[THE RECORDS — start]

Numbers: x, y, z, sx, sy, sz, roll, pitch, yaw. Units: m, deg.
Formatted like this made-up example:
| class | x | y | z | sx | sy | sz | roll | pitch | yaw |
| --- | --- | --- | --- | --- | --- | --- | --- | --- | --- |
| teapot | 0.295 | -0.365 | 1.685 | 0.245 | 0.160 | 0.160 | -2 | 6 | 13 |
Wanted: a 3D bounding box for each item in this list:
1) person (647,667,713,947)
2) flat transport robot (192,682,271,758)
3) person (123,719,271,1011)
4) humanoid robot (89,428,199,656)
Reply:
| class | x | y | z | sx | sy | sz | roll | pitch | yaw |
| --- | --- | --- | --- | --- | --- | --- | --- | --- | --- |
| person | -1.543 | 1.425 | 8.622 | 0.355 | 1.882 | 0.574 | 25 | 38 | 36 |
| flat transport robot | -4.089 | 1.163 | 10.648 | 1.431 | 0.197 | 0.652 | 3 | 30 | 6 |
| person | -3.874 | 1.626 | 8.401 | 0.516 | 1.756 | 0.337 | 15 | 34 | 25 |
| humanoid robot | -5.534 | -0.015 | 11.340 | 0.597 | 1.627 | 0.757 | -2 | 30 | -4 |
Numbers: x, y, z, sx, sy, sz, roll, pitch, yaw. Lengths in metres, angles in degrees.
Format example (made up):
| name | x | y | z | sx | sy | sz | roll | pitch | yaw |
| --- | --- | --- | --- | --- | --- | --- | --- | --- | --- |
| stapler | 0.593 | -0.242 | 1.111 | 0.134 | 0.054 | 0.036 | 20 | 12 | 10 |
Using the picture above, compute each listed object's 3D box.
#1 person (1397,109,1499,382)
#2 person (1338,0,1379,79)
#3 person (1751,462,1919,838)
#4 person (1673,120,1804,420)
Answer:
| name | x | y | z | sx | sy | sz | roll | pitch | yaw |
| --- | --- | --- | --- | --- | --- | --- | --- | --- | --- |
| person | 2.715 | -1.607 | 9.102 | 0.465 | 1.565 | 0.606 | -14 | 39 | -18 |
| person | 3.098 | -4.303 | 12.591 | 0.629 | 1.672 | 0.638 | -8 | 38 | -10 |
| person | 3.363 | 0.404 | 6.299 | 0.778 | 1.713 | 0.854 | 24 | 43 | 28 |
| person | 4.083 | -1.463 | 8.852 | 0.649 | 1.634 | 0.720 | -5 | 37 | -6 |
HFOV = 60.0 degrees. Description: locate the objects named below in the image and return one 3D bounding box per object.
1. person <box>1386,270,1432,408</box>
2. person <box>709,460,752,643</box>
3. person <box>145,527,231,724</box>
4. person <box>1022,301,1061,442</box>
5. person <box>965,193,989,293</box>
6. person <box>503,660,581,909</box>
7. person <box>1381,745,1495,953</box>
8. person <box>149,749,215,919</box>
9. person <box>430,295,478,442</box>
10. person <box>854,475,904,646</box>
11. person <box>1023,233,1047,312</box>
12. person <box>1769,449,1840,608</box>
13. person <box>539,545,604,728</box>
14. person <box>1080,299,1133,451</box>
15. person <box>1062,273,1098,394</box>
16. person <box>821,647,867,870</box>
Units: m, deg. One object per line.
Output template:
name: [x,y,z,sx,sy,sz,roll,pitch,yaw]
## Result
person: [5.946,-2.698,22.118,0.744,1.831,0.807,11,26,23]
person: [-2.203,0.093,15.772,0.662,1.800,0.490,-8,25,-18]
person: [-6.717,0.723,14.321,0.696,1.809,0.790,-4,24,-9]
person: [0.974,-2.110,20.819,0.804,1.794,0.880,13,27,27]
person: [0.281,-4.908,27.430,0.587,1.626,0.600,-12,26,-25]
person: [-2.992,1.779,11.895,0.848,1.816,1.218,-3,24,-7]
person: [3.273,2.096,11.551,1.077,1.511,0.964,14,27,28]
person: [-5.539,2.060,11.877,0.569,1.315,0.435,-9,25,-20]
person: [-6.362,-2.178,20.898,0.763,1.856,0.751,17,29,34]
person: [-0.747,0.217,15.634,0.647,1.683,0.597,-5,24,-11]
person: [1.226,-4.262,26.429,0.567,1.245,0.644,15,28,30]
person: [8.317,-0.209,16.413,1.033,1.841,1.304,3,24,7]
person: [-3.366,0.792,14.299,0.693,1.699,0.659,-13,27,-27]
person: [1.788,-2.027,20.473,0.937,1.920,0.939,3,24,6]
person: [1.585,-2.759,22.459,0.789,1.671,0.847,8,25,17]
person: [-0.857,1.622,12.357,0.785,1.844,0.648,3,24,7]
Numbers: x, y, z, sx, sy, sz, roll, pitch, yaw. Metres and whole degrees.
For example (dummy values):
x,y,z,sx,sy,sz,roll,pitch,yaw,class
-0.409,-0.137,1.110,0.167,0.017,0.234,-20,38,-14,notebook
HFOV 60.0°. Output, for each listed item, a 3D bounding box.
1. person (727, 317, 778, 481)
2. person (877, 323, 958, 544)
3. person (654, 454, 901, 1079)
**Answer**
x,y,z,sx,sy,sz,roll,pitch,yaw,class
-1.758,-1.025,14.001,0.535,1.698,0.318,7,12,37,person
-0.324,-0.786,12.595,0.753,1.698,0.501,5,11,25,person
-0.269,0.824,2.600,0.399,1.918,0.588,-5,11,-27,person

[THE RECORDS — finish]

> **INSTRUCTIONS FOR THE TASK**: Wherever the string "degrees" appears in a line above, copy that line.

> **EXPECTED OUTPUT**:
Numbers: x, y, z, sx, sy, sz, roll, pitch, yaw. Lengths in metres, angles in degrees.
HFOV = 60.0 degrees. Description: locate the objects named below in the image and return one 3D bounding box per object.
Numbers: x, y, z, sx, sy, sz, roll, pitch, yaw. Metres and whole degrees.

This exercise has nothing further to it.